Data and Statistical Analysis
In general, three pairs of healthy donor eyes were used to prepare the n-HCM cells, and seven pairs of glaucomatous donor eyes were used to prepare the g-HCM cells. For determinations of AA, PGE2, and inositol phosphates, g-HCM cells from each donor were used. Parallel experiments were run using the n-HCM cells. All data obtained from the n-HCM cells for AA, PGE2, and inositol phosphates were pooled and presented in Tables 1 2 and 3 , respectively, whereas data for each glaucoma donor eye are presented separately. 
Data are presented as a percentage of the respective control (in absence of agonist) ± SEM. Statistical analysis was performed on the absolute values using paired Student’s t-tests. Statistical analysis of absolute values was also determined between n- and g-HCM cells in the absence and presence of agonists using unpaired Student’s t-test. P < 0.05 was considered to be statistically significant. 
Results
Cell Morphology
Ciliary muscle cells in culture were identified by their pattern of growth, morphology and immunocytochemical staining characteristics. After collagenase treatment, a suspension of ciliary muscle cells was transferred to tissue culture flasks, and cells started to divide in 5 to 7 days, especially in areas where the cells settled in clumps. Initially, small cell clones of bipolar ribbon or spindle-shaped cells were formed. When cells grow to higher densities, they form longitudinal bands of parallel cells and become thinner. This growth pattern was observed in all primary cell cultures of glaucomatous (Fig. 1A) and normal (Fig. 1B) eyes, regardless of the age of the donor. When the cells became confluent, they grew in a hill-and-valley pattern, as seen under phase-contrast microscope (Figs. 1A 1B)
Immunocytochemistry
To demonstrate that the cultured HCM cells are not contaminated with fibroblasts we used immunologic staining with SM-specific antibodies. HCM cells stained positively against SM-specific α-actin in both n-HCM cells (Fig. 2B) and g-HCM cells (Fig. 3B) . The staining revealed typical straight, noninterrupted, cablelike fibers running parallel to each other along the long axis of the cells. When the cells were confluent, the cytoplasm of the cells was filled with densely arranged parallel fibers, staining strongly for α-SM-actin antibodies in both n- and g-HCM cells. 
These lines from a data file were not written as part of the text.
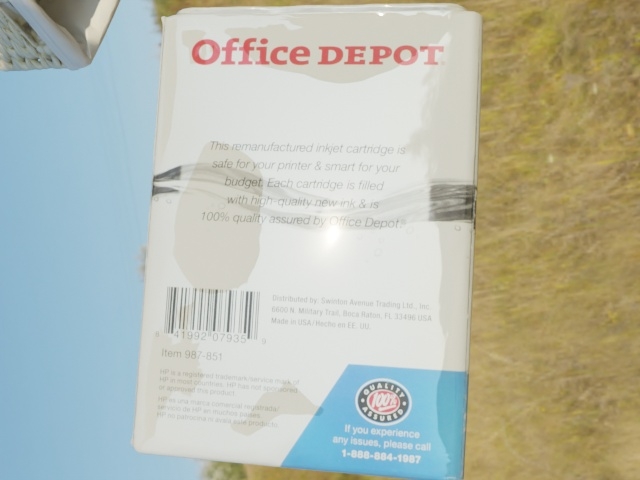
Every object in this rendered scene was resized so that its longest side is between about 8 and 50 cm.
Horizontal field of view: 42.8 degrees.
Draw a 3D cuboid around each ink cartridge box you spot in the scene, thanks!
[{"bbox_3d":[0.000,0.000,0.595,0.129,0.223,0.307,23,-110,-78],"label":"ink cartridge box"}]

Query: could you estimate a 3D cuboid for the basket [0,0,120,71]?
[{"bbox_3d":[-0.246,-0.240,0.714,0.113,0.103,0.167,54,-138,-48],"label":"basket"}]
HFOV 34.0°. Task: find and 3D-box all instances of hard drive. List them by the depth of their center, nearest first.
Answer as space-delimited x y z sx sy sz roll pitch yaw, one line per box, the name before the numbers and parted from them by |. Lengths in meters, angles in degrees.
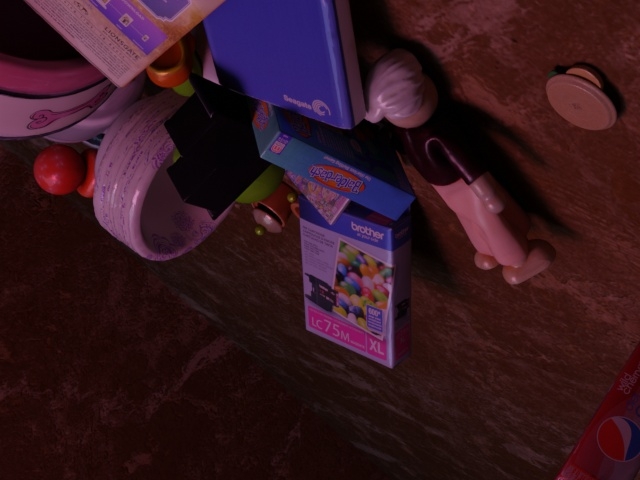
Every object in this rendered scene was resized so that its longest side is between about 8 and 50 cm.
hard drive | -0.061 -0.284 1.151 0.210 0.040 0.319 23 143 32

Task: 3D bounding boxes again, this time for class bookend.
bookend | -0.149 -0.115 1.341 0.156 0.157 0.072 16 -144 -53

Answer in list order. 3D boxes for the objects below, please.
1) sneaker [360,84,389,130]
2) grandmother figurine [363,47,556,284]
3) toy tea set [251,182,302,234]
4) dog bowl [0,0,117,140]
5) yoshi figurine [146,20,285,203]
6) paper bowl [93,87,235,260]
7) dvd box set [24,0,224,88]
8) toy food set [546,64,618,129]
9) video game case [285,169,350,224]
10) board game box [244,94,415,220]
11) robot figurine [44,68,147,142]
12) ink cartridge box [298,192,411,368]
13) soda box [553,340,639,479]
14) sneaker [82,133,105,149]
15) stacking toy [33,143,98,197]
sneaker | 0.049 -0.179 1.368 0.109 0.044 0.040 28 163 32
grandmother figurine | 0.158 -0.096 1.291 0.208 0.104 0.342 18 153 52
toy tea set | 0.000 0.000 1.800 0.200 0.124 0.336 47 160 -31
dog bowl | -0.373 -0.332 1.235 0.408 0.408 0.150 43 147 -20
yoshi figurine | -0.118 -0.173 1.469 0.203 0.203 0.362 24 163 17
paper bowl | -0.250 -0.120 1.697 0.148 0.284 0.284 32 163 24
dvd box set | -0.187 -0.358 1.018 0.307 0.062 0.420 43 136 -19
toy food set | 0.266 -0.144 1.070 0.083 0.020 0.082 43 162 -22
video game case | 0.002 -0.096 1.581 0.122 0.011 0.087 49 124 21
board game box | 0.010 -0.124 1.333 0.210 0.047 0.160 24 -151 -28
robot figurine | -0.411 -0.271 1.754 0.300 0.200 0.353 56 159 -12
ink cartridge box | 0.054 0.035 1.645 0.186 0.065 0.311 21 126 34
soda box | 0.409 0.241 1.395 0.083 0.263 0.092 33 163 16
sneaker | -0.465 -0.276 1.978 0.321 0.126 0.127 32 168 20
stacking toy | -0.364 -0.115 1.913 0.330 0.141 0.141 3 -175 -36
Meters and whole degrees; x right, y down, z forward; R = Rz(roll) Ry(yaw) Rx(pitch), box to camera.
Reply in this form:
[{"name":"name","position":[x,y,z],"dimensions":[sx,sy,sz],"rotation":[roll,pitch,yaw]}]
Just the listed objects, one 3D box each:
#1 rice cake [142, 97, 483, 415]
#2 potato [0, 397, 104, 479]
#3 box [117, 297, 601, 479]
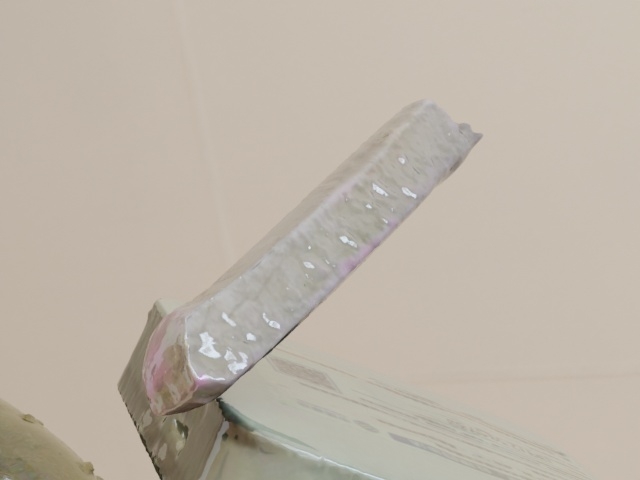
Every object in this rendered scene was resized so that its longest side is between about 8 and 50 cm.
[{"name":"rice cake","position":[0.000,0.000,1.129],"dimensions":[0.064,0.399,0.070],"rotation":[49,-50,-1]},{"name":"potato","position":[-0.321,0.264,1.496],"dimensions":[0.359,0.269,0.219],"rotation":[-122,-151,-49]},{"name":"box","position":[0.060,0.180,1.208],"dimensions":[0.111,0.396,0.396],"rotation":[-68,-164,5]}]
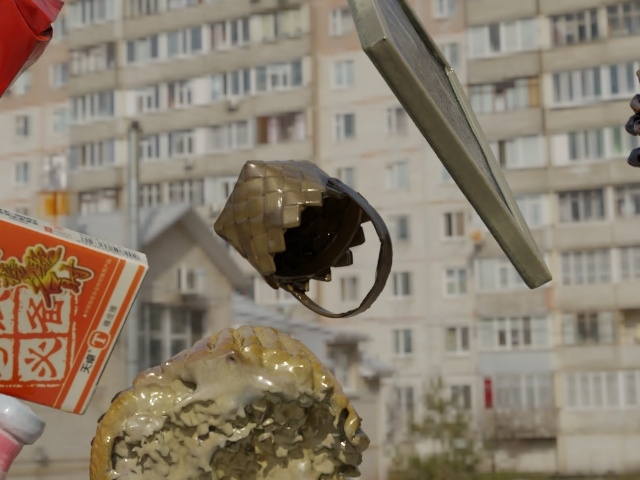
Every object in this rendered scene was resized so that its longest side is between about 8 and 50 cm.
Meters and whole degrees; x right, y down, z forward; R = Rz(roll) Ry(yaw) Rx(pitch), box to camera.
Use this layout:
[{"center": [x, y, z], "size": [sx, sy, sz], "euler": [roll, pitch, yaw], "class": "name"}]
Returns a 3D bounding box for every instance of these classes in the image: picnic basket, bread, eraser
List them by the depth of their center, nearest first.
[{"center": [-0.282, 0.051, 1.141], "size": [0.230, 0.157, 0.038], "euler": [19, 17, -23], "class": "eraser"}, {"center": [-0.091, 0.205, 1.288], "size": [0.274, 0.274, 0.149], "euler": [0, 23, -13], "class": "bread"}, {"center": [0.000, 0.000, 1.327], "size": [0.178, 0.128, 0.137], "euler": [35, 23, 32], "class": "picnic basket"}]

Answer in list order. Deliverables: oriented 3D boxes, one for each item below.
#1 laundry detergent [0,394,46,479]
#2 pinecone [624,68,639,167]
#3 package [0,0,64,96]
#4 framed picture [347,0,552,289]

To further ascertain the purity of the HCM cells, we used the SM-specific antibody SM-myosin and the intermediate filament protein desmin. SM-myosin (heavy chain) antibody reacts specifically with SM cells, but not with myosin isoforms of fibroblasts or myofibroblasts. 31 32 n-HCM and g-HCM cells, respectively, showed positive staining with SM-myosin antibodies (Figs. 2D 3D) . Furthermore, both n- and g-HCM cells, respectively, showed positive staining with anti-desmin antibodies (Figs. 2F 3F) . Negative control cultures in all cases showed no positive staining (Figs. 2A 2C 2E 3A 3C 3E) . These data demonstrate that these were pure SM cells. 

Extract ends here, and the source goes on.